Sex-lethal is recruited to chromatin to promote neuronal tRNA synthesis in males through RNA Polymerase III regulation [RNA-seq]

The RNA-binding protein sex-lethal (Sxl) is classically defined as a master regulator of sex determination and RNA splicing in Drosophila melanogaster. However, this role is not conserved in all species and functions beyond this canonical pathway remain largely unexplored. Here, we uncover a splicing-independent function for Sxl at the chromatin level in the Drosophila brain. Using Targeted DamID (TaDa) profiling in larval neurons, we identify widespread recruitment of Sxl to promoter regions, independent of sex and RNA binding activity. Notably, Sxl chromatin occupancy exhibits near-complete overlap with Polr3E (RPC37), an RNA Polymerase III subunit, with Sxl binding abolished upon Polr3E knockdown. Depletion of Sxl in mature male neurons equally induces widespread transcriptional changes, particularly in metabolic genes, and improves negative geotaxis during ageing, phenotypes that closely mirror Polr3E knockdown. Conversely, overexpression of SxlRAC isoform enhances tRNA synthesis and upregulates metabolic gene expression. Together, these findings reveal a previously unrecognised role for Sxl in regulating Pol III activity via Polr3E, promoting tRNA synthesis and supporting neuronal metabolism. Given the emerging tie between Pol III regulation and neuronal ageing, our study highlights Sxl as a novel modulator of neuronal homeostasis. These are RNAseq experiments to examine transcriptional changes when Sxl and Polr3E are knocked down with RNAi, as well as when SxlRAC or SxlRNA (mutated RNA binding sites) are mis/overexpressed. RNAi and mis/overexpression was induced in Drosophila male adult neurons and then whole heads collected for RNAseq.
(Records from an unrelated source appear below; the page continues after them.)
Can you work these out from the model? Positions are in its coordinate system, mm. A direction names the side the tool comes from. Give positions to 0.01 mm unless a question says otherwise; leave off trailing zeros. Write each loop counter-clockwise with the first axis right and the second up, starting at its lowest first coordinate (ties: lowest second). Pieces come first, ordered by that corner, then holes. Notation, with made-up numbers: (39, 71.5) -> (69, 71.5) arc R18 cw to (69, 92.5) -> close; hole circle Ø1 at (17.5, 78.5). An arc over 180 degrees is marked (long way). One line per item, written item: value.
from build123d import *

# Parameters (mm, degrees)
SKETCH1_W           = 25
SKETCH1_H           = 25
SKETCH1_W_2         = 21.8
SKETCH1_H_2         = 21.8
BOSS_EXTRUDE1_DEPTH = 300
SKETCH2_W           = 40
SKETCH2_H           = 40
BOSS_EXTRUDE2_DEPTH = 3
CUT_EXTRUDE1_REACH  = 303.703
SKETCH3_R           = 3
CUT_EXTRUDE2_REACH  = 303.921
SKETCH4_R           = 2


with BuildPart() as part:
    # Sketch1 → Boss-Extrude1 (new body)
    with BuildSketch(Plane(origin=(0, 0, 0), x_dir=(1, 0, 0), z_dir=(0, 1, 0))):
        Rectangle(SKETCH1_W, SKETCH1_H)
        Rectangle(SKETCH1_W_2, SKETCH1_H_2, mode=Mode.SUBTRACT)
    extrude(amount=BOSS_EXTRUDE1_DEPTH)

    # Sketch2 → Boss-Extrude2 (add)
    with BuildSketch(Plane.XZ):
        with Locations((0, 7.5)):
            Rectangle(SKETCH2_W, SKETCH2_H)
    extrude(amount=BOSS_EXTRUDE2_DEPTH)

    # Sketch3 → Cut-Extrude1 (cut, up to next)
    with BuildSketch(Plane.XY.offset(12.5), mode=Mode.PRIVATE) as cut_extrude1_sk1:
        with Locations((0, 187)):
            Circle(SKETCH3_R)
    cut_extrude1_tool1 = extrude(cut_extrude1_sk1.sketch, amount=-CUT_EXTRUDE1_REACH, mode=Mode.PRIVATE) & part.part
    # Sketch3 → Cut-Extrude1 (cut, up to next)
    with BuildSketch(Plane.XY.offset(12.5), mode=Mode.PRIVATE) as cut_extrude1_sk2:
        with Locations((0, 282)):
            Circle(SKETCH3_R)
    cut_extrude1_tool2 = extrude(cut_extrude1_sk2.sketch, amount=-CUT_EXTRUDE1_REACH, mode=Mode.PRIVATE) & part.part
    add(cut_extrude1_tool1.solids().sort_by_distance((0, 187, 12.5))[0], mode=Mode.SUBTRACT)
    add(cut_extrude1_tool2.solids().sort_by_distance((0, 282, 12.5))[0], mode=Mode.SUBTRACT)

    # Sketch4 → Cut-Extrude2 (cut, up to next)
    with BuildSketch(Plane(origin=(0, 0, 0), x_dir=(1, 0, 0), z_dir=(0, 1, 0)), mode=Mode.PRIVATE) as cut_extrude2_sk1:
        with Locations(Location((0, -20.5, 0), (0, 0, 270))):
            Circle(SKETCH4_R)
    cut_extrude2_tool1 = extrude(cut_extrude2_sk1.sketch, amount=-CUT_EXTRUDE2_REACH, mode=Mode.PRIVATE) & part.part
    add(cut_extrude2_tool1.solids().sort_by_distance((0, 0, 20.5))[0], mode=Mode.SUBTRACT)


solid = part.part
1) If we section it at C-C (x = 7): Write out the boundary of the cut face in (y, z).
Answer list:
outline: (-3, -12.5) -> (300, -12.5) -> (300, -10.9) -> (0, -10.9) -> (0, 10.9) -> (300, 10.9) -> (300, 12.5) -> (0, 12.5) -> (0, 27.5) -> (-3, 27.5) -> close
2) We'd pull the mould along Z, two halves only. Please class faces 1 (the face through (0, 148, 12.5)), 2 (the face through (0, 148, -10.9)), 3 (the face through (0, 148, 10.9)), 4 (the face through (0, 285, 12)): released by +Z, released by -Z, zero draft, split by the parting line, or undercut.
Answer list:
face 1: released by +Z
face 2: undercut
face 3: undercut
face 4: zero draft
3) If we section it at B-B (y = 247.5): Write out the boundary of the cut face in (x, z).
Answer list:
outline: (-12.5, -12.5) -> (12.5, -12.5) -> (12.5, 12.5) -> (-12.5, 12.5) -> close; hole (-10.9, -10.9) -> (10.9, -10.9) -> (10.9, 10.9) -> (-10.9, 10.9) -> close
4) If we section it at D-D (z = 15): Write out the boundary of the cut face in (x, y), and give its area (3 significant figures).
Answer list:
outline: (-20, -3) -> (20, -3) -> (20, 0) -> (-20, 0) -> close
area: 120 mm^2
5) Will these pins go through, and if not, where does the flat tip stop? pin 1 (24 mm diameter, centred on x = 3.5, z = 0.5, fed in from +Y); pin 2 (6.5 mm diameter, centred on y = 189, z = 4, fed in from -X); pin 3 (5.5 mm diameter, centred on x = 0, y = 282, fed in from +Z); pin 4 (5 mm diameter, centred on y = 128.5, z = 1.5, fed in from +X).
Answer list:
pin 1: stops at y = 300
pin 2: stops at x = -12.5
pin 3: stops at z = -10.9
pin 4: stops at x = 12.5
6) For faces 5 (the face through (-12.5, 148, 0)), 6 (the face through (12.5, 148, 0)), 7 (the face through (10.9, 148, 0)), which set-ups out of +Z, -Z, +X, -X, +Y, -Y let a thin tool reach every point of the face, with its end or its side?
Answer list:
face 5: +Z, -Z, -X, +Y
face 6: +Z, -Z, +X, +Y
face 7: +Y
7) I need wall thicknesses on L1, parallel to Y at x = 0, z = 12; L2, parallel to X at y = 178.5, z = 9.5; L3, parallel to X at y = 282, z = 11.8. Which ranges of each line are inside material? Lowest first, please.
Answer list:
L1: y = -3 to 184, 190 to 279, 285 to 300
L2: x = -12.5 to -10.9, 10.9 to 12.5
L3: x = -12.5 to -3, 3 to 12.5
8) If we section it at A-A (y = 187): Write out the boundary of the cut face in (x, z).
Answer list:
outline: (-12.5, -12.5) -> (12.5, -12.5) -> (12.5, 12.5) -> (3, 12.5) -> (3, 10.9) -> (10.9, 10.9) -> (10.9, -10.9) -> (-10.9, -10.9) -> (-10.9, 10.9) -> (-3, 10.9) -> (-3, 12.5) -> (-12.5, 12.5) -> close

RNA结合蛋白（RNA-binding protein）性别致死（sex-lethal，Sxl）经典上被定义为黑腹果蝇（Drosophila melanogaster）性别决定与RNA剪接的核心调控因子。然而，该功能并非在所有物种中均保守，且其超出经典通路的额外功能仍未得到广泛探索。本研究在黑腹果蝇大脑中揭示了Sxl在染色质层面的非剪接依赖性功能。通过在幼虫神经元中开展靶向DamID（Targeted DamID，TaDa）谱型分析，我们鉴定发现Sxl可广泛招募至启动子区域，且该过程不依赖于性别与RNA结合活性。值得注意的是，Sxl的染色质占据与RNA聚合酶III（RNA Polymerase III）亚基Polr3E（RPC37）几乎完全重叠，且当Polr3E被敲低时，Sxl的结合会被完全消除。在成熟雄性神经元中敲低Sxl同样会引发广泛的转录变化，尤其富集于代谢基因，同时可改善衰老过程中的负趋地性（negative geotaxis）表型，该表型与Polr3E敲低的表型高度相似。反之，过表达SxlRAC亚型则会增强tRNA合成并上调代谢基因的表达。综上，这些发现揭示了Sxl此前未被认知的功能：通过Polr3E调控RNA聚合酶III活性，进而促进tRNA合成并维持神经元代谢。鉴于RNA聚合酶III调控与神经元衰老之间的新兴关联，本研究凸显Sxl为神经元稳态的新型调控因子。本研究包含多组RNA测序实验，用于检测通过RNAi敲低Sxl与Polr3E时，以及异位/过表达SxlRAC或携带RNA结合位点突变的SxlRNA时的转录变化。上述RNAi诱导与异位/过表达操作均在黑腹果蝇雄性成体神经元中进行，随后收集全脑组织进行RNA测序。